I nostri geni, non solo determinano ogni singola parte del nostro corpo, dal colore dei capelli e degli occhi, fino all’altezza e la predisposizione ad alcune malattie. Alcune varianti della sequenza di dna, infatti, possono conferirci “fenomenali poteri cosmici”, proprio come i supereroi della Marvel. Alcuni di essi possono renderci più resistenti a determinati problemi di salute, altri possono regalarci straordinarie doti fisiche, fino ad ottimizzare le risorse a cui attingiamo tutti i giorni. Ecco le mutazioni genetiche più comuni e fortunate.
Il gene della velocità
Tutti noi abbiamo il gene actn3. Ma una variante di esso è responsabile di una maggiore capacità di “velocità” dei corridori, perché codifica per una proteina (la alfa-actinina-3) che controlla le fibre muscolari a contrazione veloce. Secondo una ricerca del 2008, questa variante allelica (gli alleli sono le due o più forme alternative dello stesso gene), detta R, è presente in almeno una copia nel 95% dei velocisti, e in due copie nel 50% di essi. Al contrario, i fondisti (atleti specializzati in gare di resistenza) presentano una più alta percentuale della seconda variante allelica, detta X. Questa determina l’assenza dell’alfa-actinina-3, che concorre alla formazione di muscoli “lenti”, più adatti a sostenere uno sforzo prolungato. Alcune varianti genetiche favoriscono le fibre muscolari adatte a gare di velocità. Altre, quelle lente tipiche delle performance di resistenza.
Niente più sonno
Immaginate di potervi sentire del tutto ricaricati dopo 4 ore di sonno: questa capacità – ciclicamente vantata da politici, imprenditori o scienziati – è stata associata a una serie di varianti genetiche, in particolare a carico del gene hdec2. La capacità di rigenerarsi con solo una manciata di ore a notte sembrerebbe quindi un dono di famiglia, anche se alla lunga, dormire troppo poco ha effetti molto negativi sulla salute.
Supertaster, più zucchero meno grassi
Un quarto della popolazione mondiale assapora ogni boccone con una maggiore intensità: sono i supertaster, più inclini a zuccherare il caffè e ad evitare cibi molto grassi. Sembra che questa capacità sia legata a una variante del gene TAS2R38, che codifica per i recettori del sapore amaro. Un’altra variante a carico dello stesso gene è invece responsabile di capacità gustative inferiori alla media.
Ossa di ferro
Uno scheletro straordinariamente denso, con ossa pesanti e a prova di frattura: una mutazione nel gene LRP5 rende l’ossatura praticamente indistruttibile, come hanno scoperto alcuni scienziati della Yale School of Medicine analizzando il corredo genetico di una famiglia storicamente immune da problemi alle ossa. Lo stesso gene è anche implicato in anomalie di tipo opposto, che rendono le ossa più fragili e favoriscono l’osteoporosi.
I caffeinomani
Almeno sei varianti genetiche influenzano il modo in cui il nostro corpo reagisce alla caffeina, e spiegano perché uno stesso dosaggio di caffè sortisca effetti diversi su ciascuno. Due di queste, vicino ai geni bdnf e slc6a4, influenzano gli effetti del caffè nel circuito della ricompensa – quelli che determinano la nostra voglia di berne ancora. Altre determinano il modo in cui l’organismo metabolizza il caffè: chi lo processa più velocemente, probabilmente ne berrà di più, perché i suoi effetti passano più rapidamente. Infine, altre ancora spiegano perché alcune persone si addormentino come angioletti dopo una tazzina di espresso, mentre altre debbano interromperne l’assunzione già dopo il primo pomeriggio, se non vogliono trascorrere una notte insonne.

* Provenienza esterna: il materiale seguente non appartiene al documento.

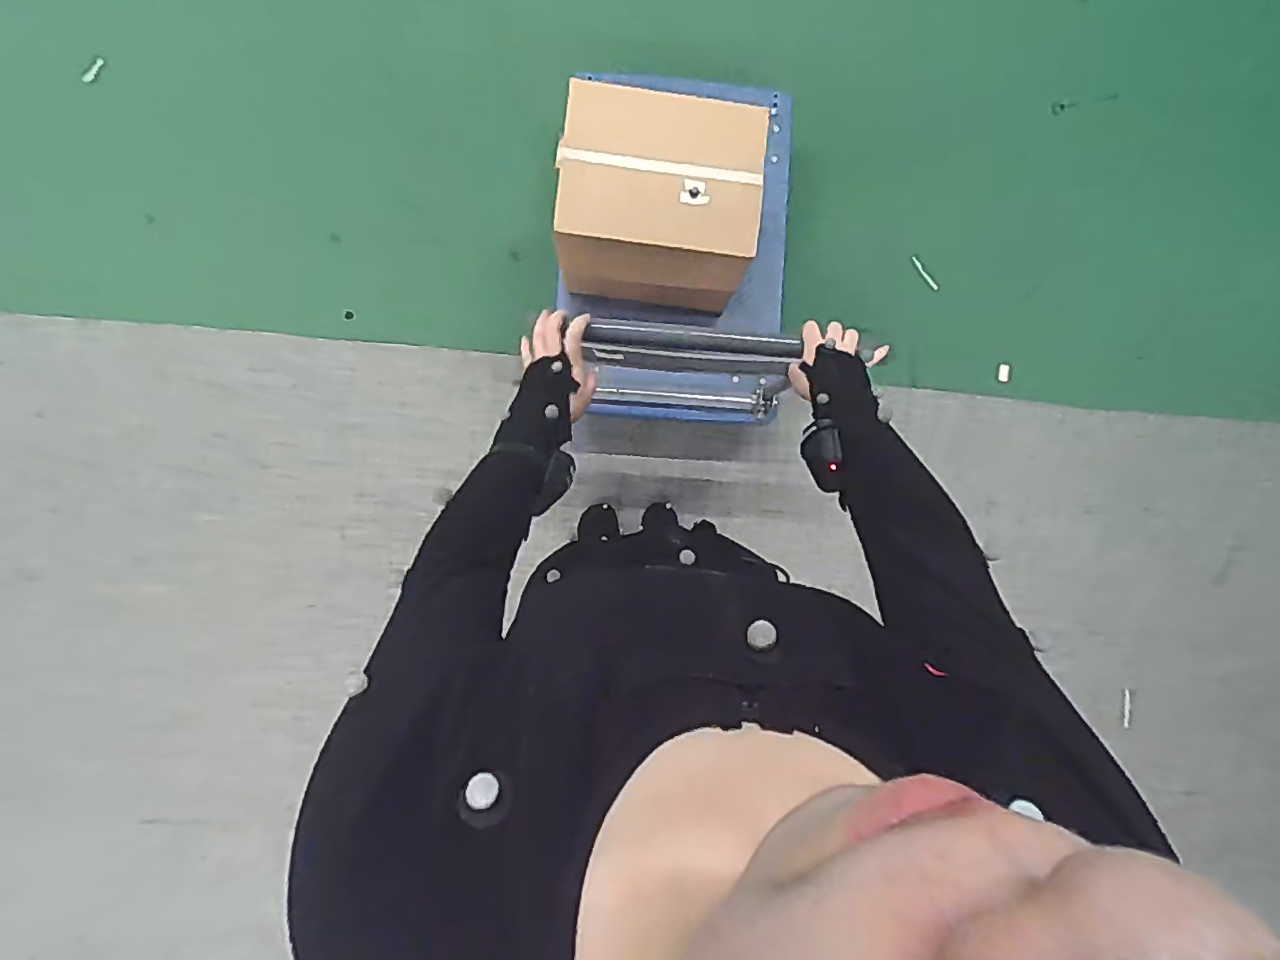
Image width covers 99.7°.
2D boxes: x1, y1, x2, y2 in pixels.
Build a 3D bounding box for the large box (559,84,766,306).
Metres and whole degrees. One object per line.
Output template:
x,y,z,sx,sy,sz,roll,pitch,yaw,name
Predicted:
0.036,-0.618,1.233,0.408,0.320,0.320,6,87,-4,large box

Mutazioni che proteggono il cuore
I livelli di colesterolo dipendono molto dall’alimentazione, ma anche la genetica fa la sua parte. Anche alcune mutazioni nel gene che codifica per la proteina di trasferimento lipidico (cetp) possono aiutare a tenere a bada il colesterolo cattivo (ldl): la carenza di questa proteina favorisce alti livelli di colesterolo “buono” hdl, che aiuta a trasferire il colesterolo fino al fegato, dove viene eliminato. Le persone con questa mutazione, quindi, risultano naturalmente protette da malattie cardiovascolari.